* Assigned task
Copy out each line of the data below in which the string "output" appears.

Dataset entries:
====

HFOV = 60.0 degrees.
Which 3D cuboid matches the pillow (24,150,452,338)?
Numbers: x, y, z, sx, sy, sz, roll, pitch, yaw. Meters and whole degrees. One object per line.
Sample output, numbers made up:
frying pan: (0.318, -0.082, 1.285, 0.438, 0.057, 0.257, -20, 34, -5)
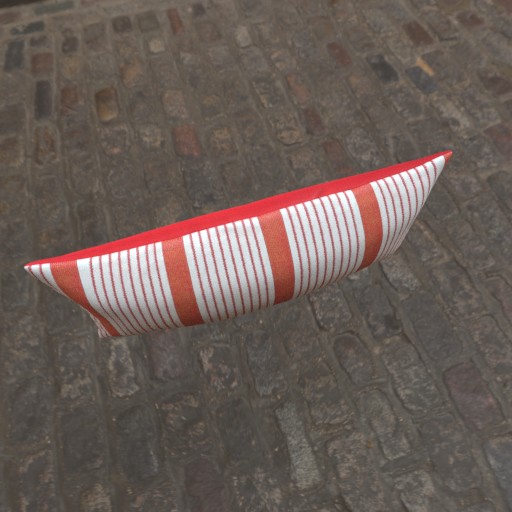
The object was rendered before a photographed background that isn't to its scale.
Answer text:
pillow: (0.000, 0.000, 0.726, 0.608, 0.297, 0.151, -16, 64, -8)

====

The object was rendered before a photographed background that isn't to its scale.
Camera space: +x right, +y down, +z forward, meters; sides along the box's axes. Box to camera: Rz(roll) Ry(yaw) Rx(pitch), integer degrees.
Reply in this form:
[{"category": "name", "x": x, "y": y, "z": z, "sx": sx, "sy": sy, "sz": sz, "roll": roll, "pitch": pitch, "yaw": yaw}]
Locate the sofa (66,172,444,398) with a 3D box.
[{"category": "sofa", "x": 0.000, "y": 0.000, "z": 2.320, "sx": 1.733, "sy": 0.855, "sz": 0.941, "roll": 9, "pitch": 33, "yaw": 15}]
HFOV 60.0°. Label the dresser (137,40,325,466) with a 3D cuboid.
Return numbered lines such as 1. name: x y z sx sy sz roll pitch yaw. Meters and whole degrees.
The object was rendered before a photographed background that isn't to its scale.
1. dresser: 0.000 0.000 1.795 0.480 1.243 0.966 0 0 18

====

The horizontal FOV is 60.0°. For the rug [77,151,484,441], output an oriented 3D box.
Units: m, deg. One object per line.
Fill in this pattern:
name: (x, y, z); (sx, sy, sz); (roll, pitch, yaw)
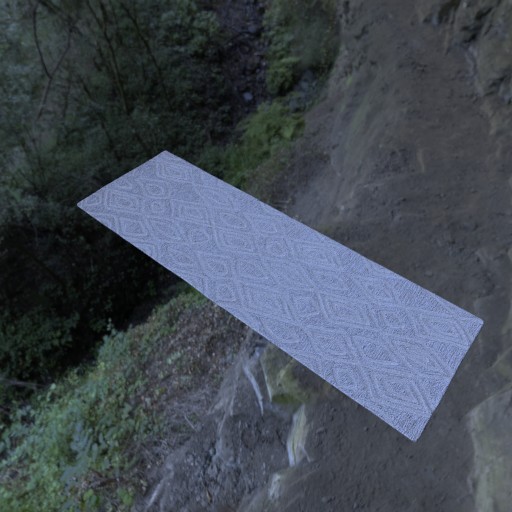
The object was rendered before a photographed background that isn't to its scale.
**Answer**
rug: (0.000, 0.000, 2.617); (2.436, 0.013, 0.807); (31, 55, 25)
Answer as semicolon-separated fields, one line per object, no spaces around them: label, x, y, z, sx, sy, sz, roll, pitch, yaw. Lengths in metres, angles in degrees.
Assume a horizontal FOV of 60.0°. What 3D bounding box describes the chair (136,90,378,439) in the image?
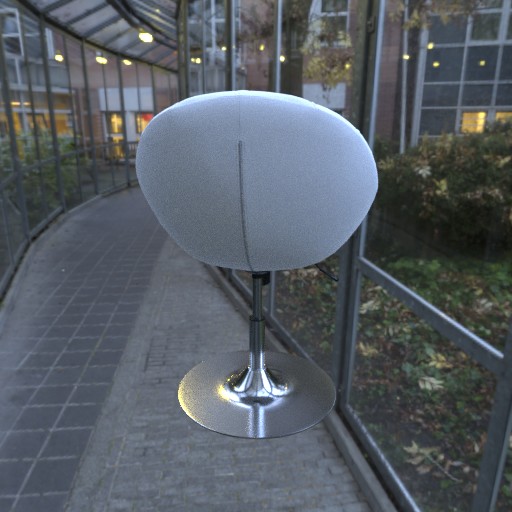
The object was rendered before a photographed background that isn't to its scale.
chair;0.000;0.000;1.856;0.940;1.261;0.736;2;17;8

====

* Task answer
Sample output, numbers made up:
The horizontal FOV is 60.0°. For the rug [77,151,484,441], output an oriented 3D box.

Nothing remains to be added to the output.